**The data:**
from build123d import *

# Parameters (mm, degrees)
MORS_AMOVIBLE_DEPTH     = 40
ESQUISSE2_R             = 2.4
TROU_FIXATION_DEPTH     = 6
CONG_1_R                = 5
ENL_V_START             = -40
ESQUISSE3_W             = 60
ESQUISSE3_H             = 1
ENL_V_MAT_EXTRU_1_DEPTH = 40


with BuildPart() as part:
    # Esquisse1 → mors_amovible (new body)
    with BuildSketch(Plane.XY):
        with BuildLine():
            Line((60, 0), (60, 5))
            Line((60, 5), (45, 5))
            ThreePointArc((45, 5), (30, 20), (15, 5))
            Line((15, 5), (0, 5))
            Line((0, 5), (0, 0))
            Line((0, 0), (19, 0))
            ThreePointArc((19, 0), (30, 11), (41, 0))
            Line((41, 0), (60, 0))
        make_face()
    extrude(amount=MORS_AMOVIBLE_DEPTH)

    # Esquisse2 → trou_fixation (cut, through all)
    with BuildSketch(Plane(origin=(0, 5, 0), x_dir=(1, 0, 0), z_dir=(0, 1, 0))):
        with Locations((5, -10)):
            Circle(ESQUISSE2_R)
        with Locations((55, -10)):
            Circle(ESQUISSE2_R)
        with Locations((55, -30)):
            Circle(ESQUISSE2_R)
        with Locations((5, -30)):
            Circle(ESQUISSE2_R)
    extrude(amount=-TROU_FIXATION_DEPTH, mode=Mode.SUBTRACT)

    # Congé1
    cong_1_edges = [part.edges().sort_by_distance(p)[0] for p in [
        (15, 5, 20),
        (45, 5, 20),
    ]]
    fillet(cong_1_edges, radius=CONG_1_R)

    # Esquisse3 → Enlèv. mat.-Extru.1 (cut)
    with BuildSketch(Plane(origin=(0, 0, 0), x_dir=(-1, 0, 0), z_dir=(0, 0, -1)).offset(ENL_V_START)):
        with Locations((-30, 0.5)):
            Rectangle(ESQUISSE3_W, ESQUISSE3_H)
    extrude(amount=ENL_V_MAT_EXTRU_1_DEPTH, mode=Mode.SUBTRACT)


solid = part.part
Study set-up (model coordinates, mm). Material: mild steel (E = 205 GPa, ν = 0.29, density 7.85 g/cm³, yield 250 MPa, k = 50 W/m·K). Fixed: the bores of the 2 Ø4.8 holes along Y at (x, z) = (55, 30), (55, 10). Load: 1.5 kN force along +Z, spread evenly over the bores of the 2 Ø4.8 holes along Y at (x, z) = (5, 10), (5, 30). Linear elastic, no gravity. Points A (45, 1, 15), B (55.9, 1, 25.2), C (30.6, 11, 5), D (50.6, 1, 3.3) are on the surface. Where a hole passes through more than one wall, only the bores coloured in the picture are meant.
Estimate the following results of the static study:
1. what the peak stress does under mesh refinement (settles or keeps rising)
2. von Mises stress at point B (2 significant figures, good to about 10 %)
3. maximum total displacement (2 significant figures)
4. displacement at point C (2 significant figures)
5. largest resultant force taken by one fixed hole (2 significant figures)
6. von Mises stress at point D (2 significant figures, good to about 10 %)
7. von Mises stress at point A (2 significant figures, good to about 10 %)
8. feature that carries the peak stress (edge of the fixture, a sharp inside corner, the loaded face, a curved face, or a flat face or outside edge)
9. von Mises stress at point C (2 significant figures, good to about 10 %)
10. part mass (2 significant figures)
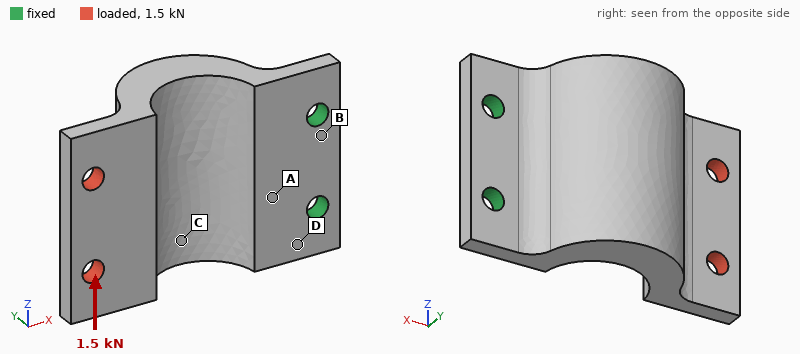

**Exercise prompt:** Across the records above, show each line containing the word "SUBTRACT".

**Solved problem:**
    extrude(amount=-TROU_FIXATION_DEPTH, mode=Mode.SUBTRACT)
    extrude(amount=ENL_V_MAT_EXTRU_1_DEPTH, mode=Mode.SUBTRACT)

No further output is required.